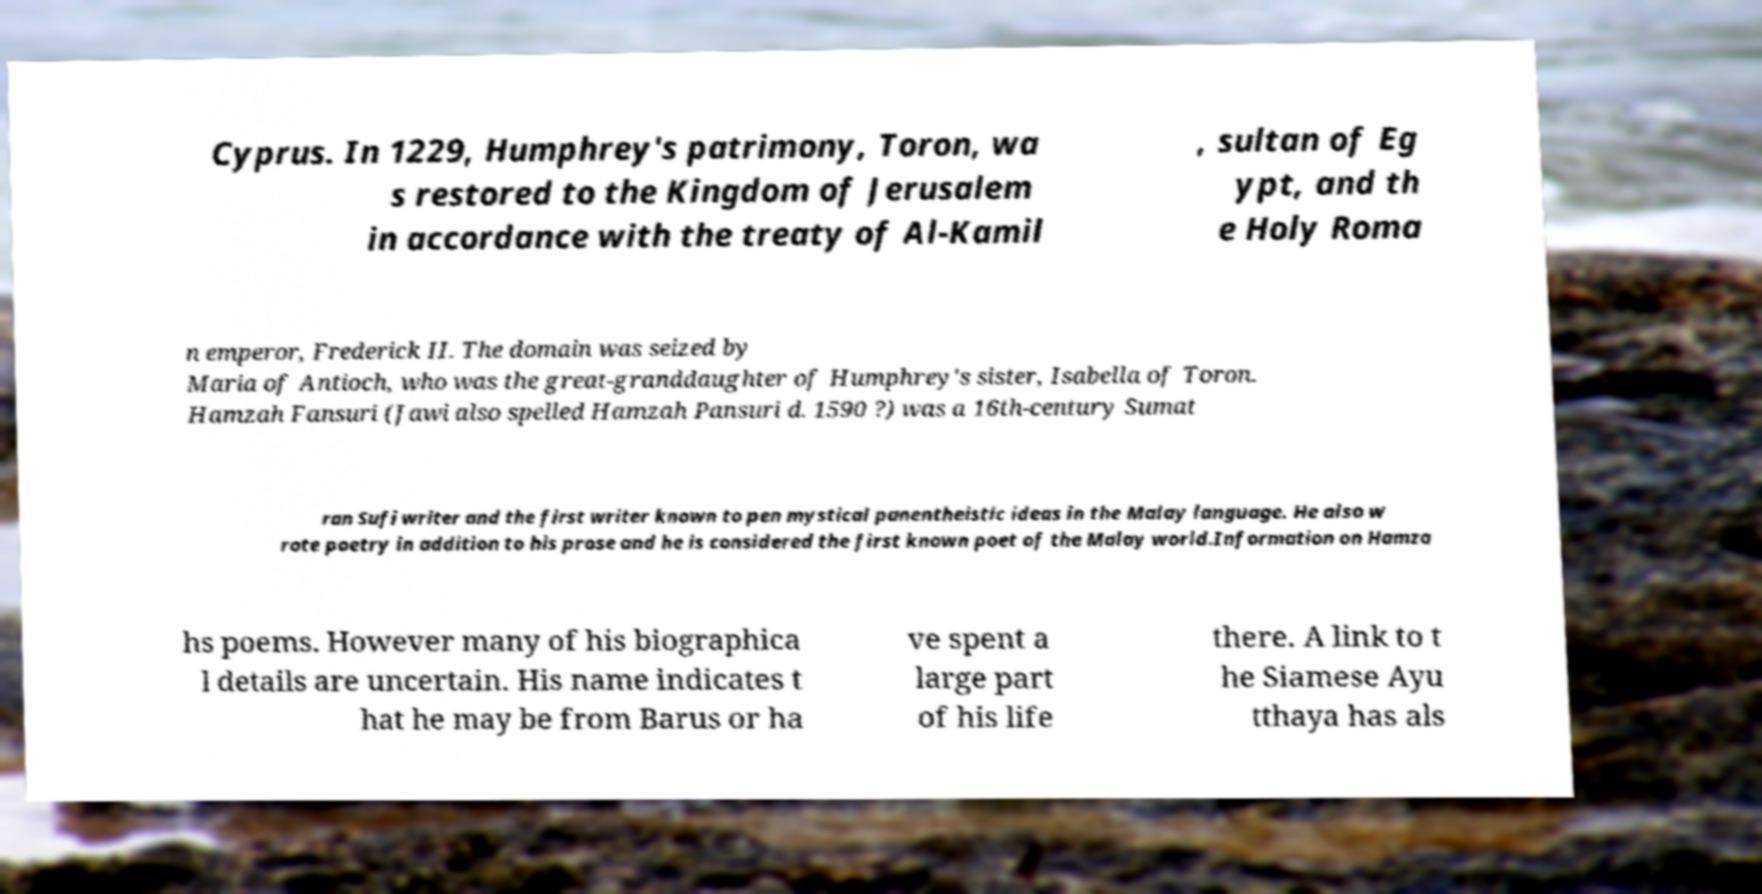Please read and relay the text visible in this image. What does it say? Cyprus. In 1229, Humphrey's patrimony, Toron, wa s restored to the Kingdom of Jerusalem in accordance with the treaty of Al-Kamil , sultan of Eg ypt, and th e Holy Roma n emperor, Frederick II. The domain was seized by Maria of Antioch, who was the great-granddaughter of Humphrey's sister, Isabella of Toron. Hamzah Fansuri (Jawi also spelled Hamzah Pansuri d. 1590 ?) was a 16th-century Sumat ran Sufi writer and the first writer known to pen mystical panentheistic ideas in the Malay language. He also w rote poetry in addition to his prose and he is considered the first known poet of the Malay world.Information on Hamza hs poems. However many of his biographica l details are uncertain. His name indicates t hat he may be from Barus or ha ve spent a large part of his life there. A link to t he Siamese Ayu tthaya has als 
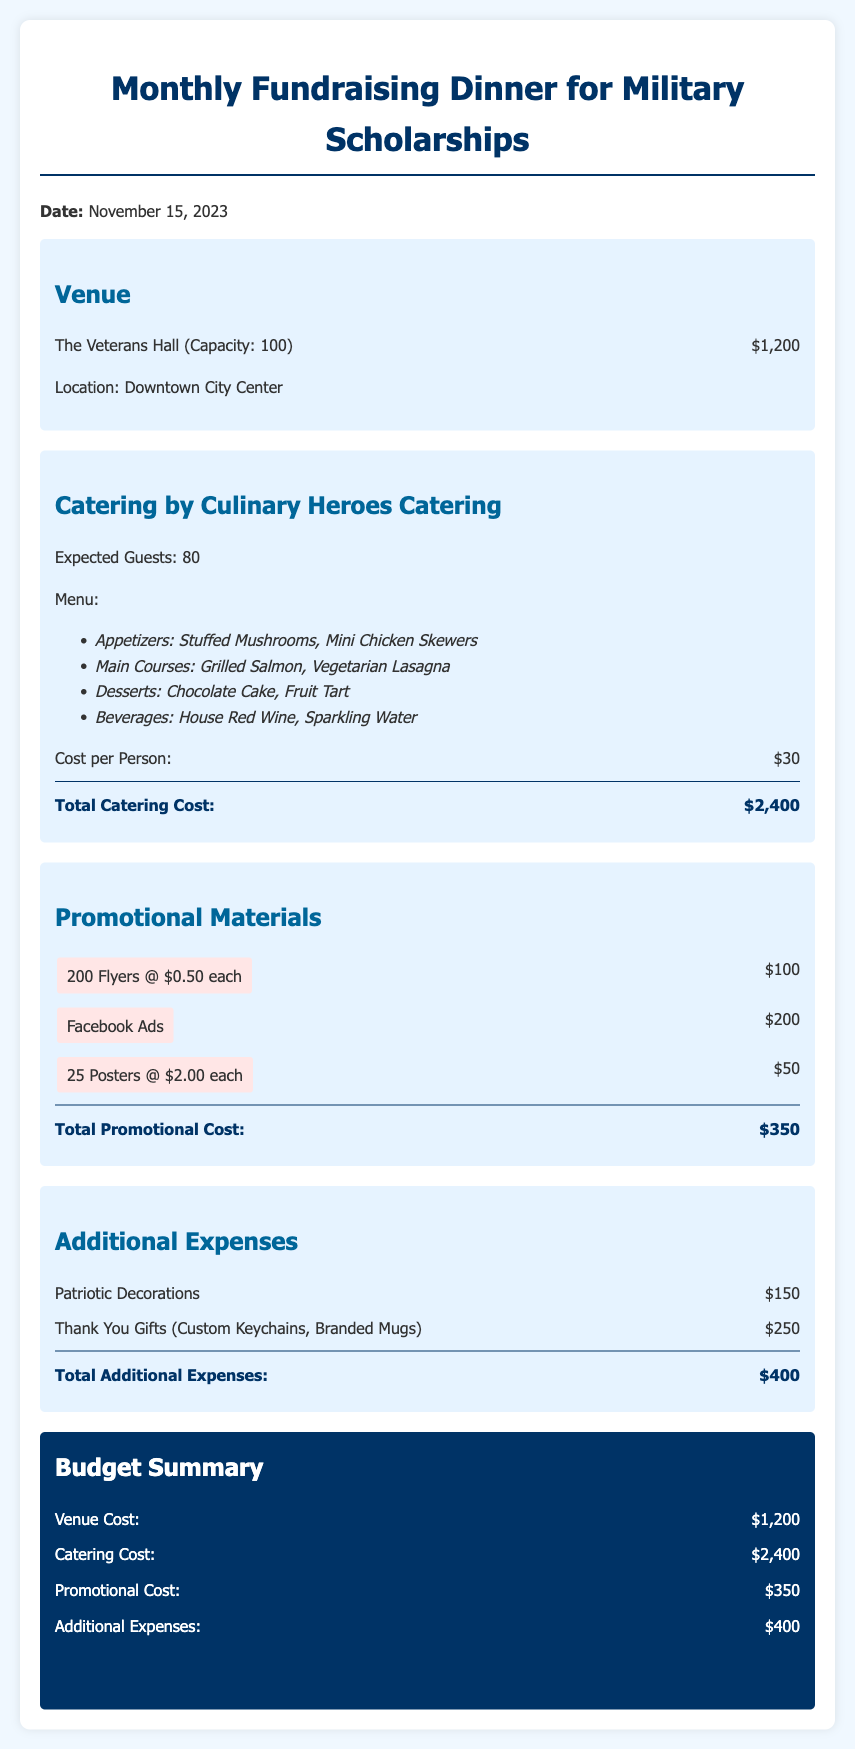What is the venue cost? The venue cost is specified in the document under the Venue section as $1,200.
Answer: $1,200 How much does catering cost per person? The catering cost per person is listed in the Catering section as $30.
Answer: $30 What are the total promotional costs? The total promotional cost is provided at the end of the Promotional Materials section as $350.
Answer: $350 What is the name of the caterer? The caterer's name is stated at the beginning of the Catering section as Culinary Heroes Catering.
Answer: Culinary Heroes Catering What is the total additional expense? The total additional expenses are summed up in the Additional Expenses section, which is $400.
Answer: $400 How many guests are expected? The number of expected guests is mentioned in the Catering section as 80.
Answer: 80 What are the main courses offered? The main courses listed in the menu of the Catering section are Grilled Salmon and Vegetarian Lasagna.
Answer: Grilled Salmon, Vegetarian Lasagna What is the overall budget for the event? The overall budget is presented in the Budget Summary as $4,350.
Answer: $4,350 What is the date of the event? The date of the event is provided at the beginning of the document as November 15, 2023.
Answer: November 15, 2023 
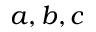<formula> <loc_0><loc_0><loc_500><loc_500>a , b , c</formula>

○ ○ ○

(TASK DETAILS): Repeat, exactly and in full, every entry in the data, but not the pictures.

(SOLUTION TO THE EXERCISE):
Please read and relay the text visible in this image. What does it say? Cyprus. In 1229, Humphrey's patrimony, Toron, wa s restored to the Kingdom of Jerusalem in accordance with the treaty of Al-Kamil , sultan of Eg ypt, and th e Holy Roma n emperor, Frederick II. The domain was seized by Maria of Antioch, who was the great-granddaughter of Humphrey's sister, Isabella of Toron. Hamzah Fansuri (Jawi also spelled Hamzah Pansuri d. 1590 ?) was a 16th-century Sumat ran Sufi writer and the first writer known to pen mystical panentheistic ideas in the Malay language. He also w rote poetry in addition to his prose and he is considered the first known poet of the Malay world.Information on Hamza hs poems. However many of his biographica l details are uncertain. His name indicates t hat he may be from Barus or ha ve spent a large part of his life there. A link to t he Siamese Ayu tthaya has als 
What is the venue cost? The venue cost is specified in the document under the Venue section as $1,200.
Answer: $1,200 How much does catering cost per person? The catering cost per person is listed in the Catering section as $30.
Answer: $30 What are the total promotional costs? The total promotional cost is provided at the end of the Promotional Materials section as $350.
Answer: $350 What is the name of the caterer? The caterer's name is stated at the beginning of the Catering section as Culinary Heroes Catering.
Answer: Culinary Heroes Catering What is the total additional expense? The total additional expenses are summed up in the Additional Expenses section, which is $400.
Answer: $400 How many guests are expected? The number of expected guests is mentioned in the Catering section as 80.
Answer: 80 What are the main courses offered? The main courses listed in the menu of the Catering section are Grilled Salmon and Vegetarian Lasagna.
Answer: Grilled Salmon, Vegetarian Lasagna What is the overall budget for the event? The overall budget is presented in the Budget Summary as $4,350.
Answer: $4,350 What is the date of the event? The date of the event is provided at the beginning of the document as November 15, 2023.
Answer: November 15, 2023 
<formula> <loc_0><loc_0><loc_500><loc_500>a , b , c</formula>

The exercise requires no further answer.